Just recently, a groundbreaking discovery in the field of electric batteries was achieved. The reality of fast-charging phones, laptops, and even full sized electric cars could come to us sooner than what we expected.
The breakthrough was from a research led by the University of Surrey and Augmented Optics Ltd. in collaboration with University of Bristol. The study resulted to the discovery of new materials that offer an alternative to battery power, and is proven to be between 1,000-10,000 times more powerful than existing supercapacitors.
This development revolutionizes the average 6 to 8 hours charging time of electric cars, shortening the recharge time down in just minutes.
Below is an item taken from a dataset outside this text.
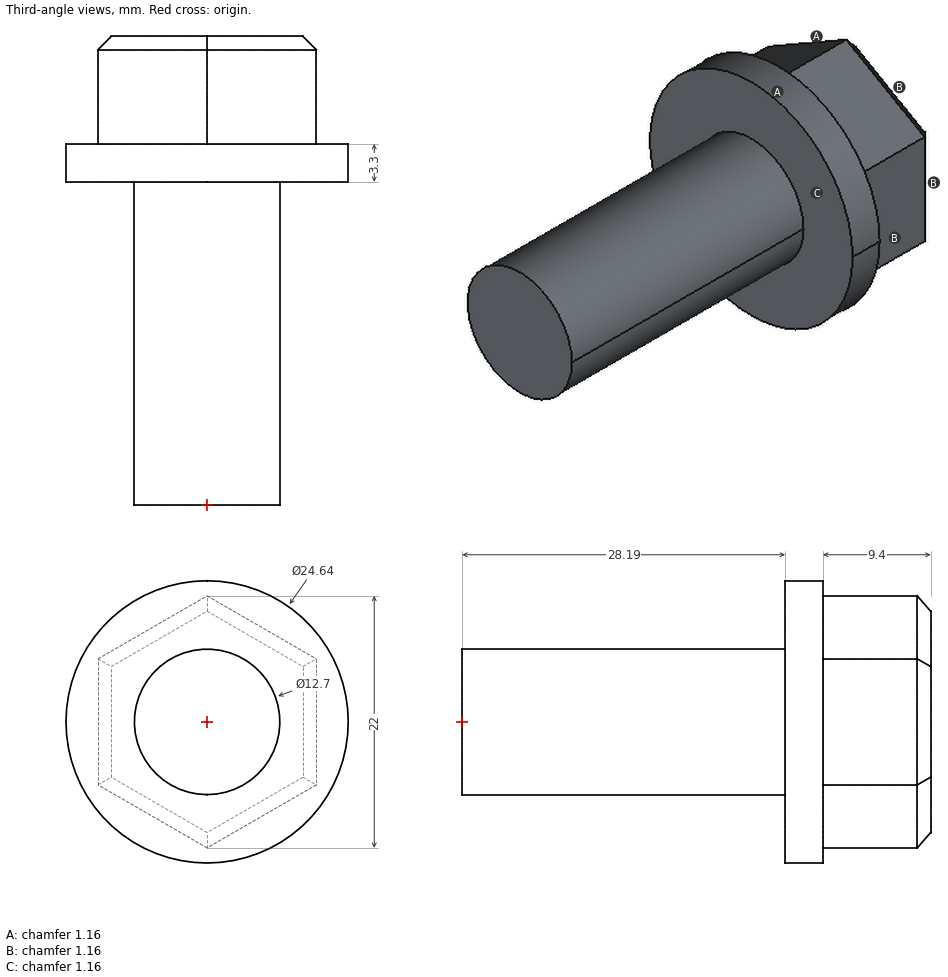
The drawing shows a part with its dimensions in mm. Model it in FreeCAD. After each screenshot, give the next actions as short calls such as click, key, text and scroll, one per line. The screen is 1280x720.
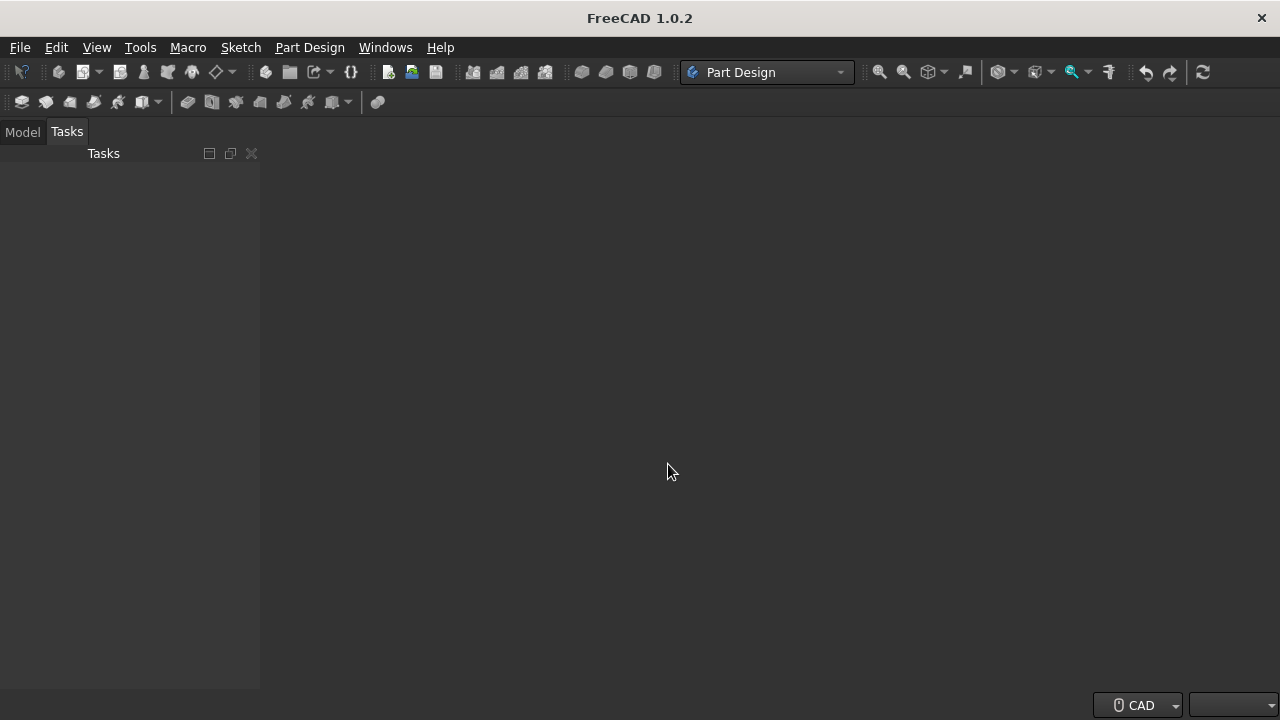
click(388, 72)

Now, charging your electric car will seem like refueling a gasoline-engined regular car. Moreover, it may also lead to a future possibility of full-charging your gadgets in just a matter of seconds.
In fact, it is known that existing supercapacitors are already used in China’s buses, but with only limited travel distance due to needed charging for every 2 to 3 stops. The new super-fast charging battery, on the other hand, allows a travel-duration of continuous 20 to 30 stops without having the need to recharge.
The project was provided with a platform in development through Dr. Donald Highgate’s research of soft contact lens materials. Then, he later teamed up with principal investigators Dr. Ian Hamerton and Dr. Brendan Howlin to make the materials electrically active.
More so, Augmented Optics CEO Jim Heathcote stated that we are not looking at a technology that will hit reality in 10 to 20 years. Instead, he concluded,
We're talking about potentially getting into prototyped devices within a matter of months."
Existing EVs are powered with lithium-ion battery that was first commercialized by Sony in 1991. However, the said battery doesn’t have enough temperature resistant and degrades over time. This is because lithium-ion batteries store energy in a chemical reaction.
In contrary, supercapacitors stores on the surface of the material, providing longer life span and faster charges. Thus, allowing it to perform much better in low temperature than an ordinary chemical battery.
While our faith for this technology lies in Heathcote’s statement about its quick development, the world was assured with his follow-up statement, “We are now actively seeking commercial partners in order to supply our polymers and offer assistance to build these ultra-high energy density storage devices.”